# T-9?



## Ang Rita (Feb 19, 2008)

Anyone know anything about the T9? I've got relatively small hands, and the T9 with the wood handles and steel frame looks very enticing. I'm particularly interested in handling characteristics and reliability. :smt1099
AR


----------



## Baldy (Jun 21, 2006)

May I ask who makes the T-9? :smt017


----------



## Baldy (Jun 21, 2006)

OK I am awake now. I would suggest you go to a shop and handle one and then handle some of the other guns. You will know the right one when you pick it up.
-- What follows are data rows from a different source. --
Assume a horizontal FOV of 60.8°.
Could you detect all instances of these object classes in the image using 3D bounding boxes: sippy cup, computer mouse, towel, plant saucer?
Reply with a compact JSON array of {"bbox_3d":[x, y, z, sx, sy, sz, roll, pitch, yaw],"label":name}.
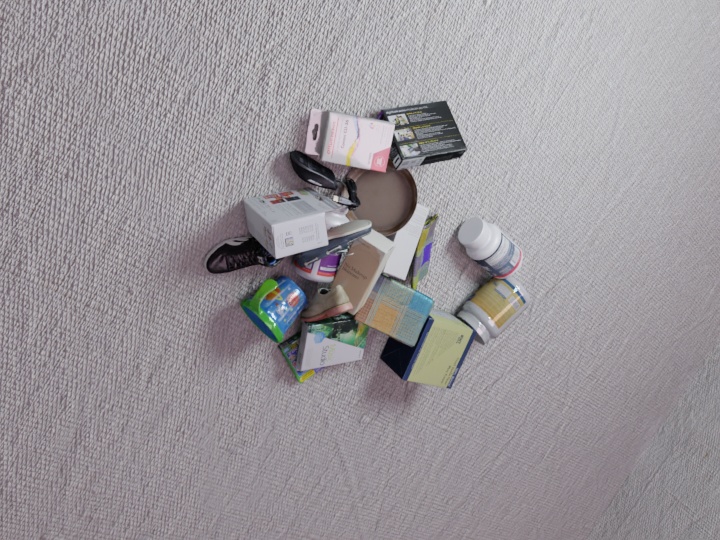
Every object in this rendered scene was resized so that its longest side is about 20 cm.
[{"bbox_3d":[-0.208,0.089,1.543,0.130,0.178,0.140,-45,98,-19],"label":"sippy cup"},{"bbox_3d":[-0.089,-0.205,1.474,0.199,0.141,0.046,23,121,-30],"label":"computer mouse"},{"bbox_3d":[0.178,-0.052,1.711,0.144,0.023,0.202,-42,144,-62],"label":"towel"},{"bbox_3d":[0.093,0.106,1.673,0.199,0.022,0.148,26,91,-20],"label":"towel"},{"bbox_3d":[0.049,-0.186,1.560,0.198,0.032,0.203,0,90,12],"label":"plant saucer"}]

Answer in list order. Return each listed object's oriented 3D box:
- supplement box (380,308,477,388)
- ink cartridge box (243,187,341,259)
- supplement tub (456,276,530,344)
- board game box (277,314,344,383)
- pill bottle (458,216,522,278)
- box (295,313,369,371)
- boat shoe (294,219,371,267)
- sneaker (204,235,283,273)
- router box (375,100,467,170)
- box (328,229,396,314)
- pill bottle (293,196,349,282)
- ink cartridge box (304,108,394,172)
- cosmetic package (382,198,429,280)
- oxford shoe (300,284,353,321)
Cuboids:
[{"bbox_3d":[0.203,0.222,1.830,0.198,0.134,0.202,16,102,-34],"label":"supplement box"},{"bbox_3d":[-0.156,-0.118,1.429,0.174,0.200,0.085,-16,119,-22],"label":"ink cartridge box"},{"bbox_3d":[0.410,0.117,1.899,0.200,0.145,0.145,-42,125,-8],"label":"supplement tub"},{"bbox_3d":[-0.115,0.206,1.703,0.199,0.029,0.135,-34,123,-14],"label":"board game box"},{"bbox_3d":[0.381,-0.070,1.816,0.199,0.119,0.120,34,92,-36],"label":"pill bottle"},{"bbox_3d":[-0.072,0.191,1.670,0.198,0.036,0.146,-7,122,-32],"label":"box"},{"bbox_3d":[-0.062,-0.062,1.451,0.198,0.075,0.062,-22,109,-3],"label":"boat shoe"},{"bbox_3d":[-0.266,-0.035,1.457,0.199,0.112,0.074,-24,120,-19],"label":"sneaker"},{"bbox_3d":[0.155,-0.345,1.554,0.198,0.051,0.150,-14,75,-24],"label":"router box"},{"bbox_3d":[0.000,0.000,1.547,0.201,0.094,0.078,-64,169,28],"label":"box"},{"bbox_3d":[-0.092,-0.078,1.540,0.112,0.112,0.202,9,106,-33],"label":"pill bottle"},{"bbox_3d":[-0.029,-0.312,1.464,0.198,0.068,0.118,8,107,-9],"label":"ink cartridge box"},{"bbox_3d":[0.091,-0.088,1.627,0.084,0.107,0.202,18,91,-36],"label":"cosmetic package"},{"bbox_3d":[-0.092,0.083,1.547,0.070,0.199,0.075,-15,87,-42],"label":"oxford shoe"}]

If you can't shoot them I know of no other way to judge them. Good luck. :smt1099


----------



## submoa (Dec 16, 2007)

Baldy said:


> May I ask who makes the T-9? :smt017


Kahr K9's bigger brother.


----------



## Ang Rita (Feb 19, 2008)

Thanks, Baldy and Submoa. Yes, the T9 has a half inch more barrel than the K9. Both have steel frames. The T9 looks as though I could get the web of my hand really close to the trigger. There are no dealers in my area that carry the Kahr; hence the inquiry. :smt083
AR


----------



## DaveShooter (Jun 1, 2007)

Ang Rita said:


> Thanks, Baldy and Submoa. Yes, the T9 has a half inch more barrel than the K9. Both have steel frames. The T9 looks as though I could get the web of my hand really close to the trigger. There are no dealers in my area that carry the Kahr; hence the inquiry. :smt083
> AR


 it is one nice pistol. i have one. i also have a p45 and a k40.
t9 reminds me of smith's mod. 39. get one you won't be sorry.
dave


----------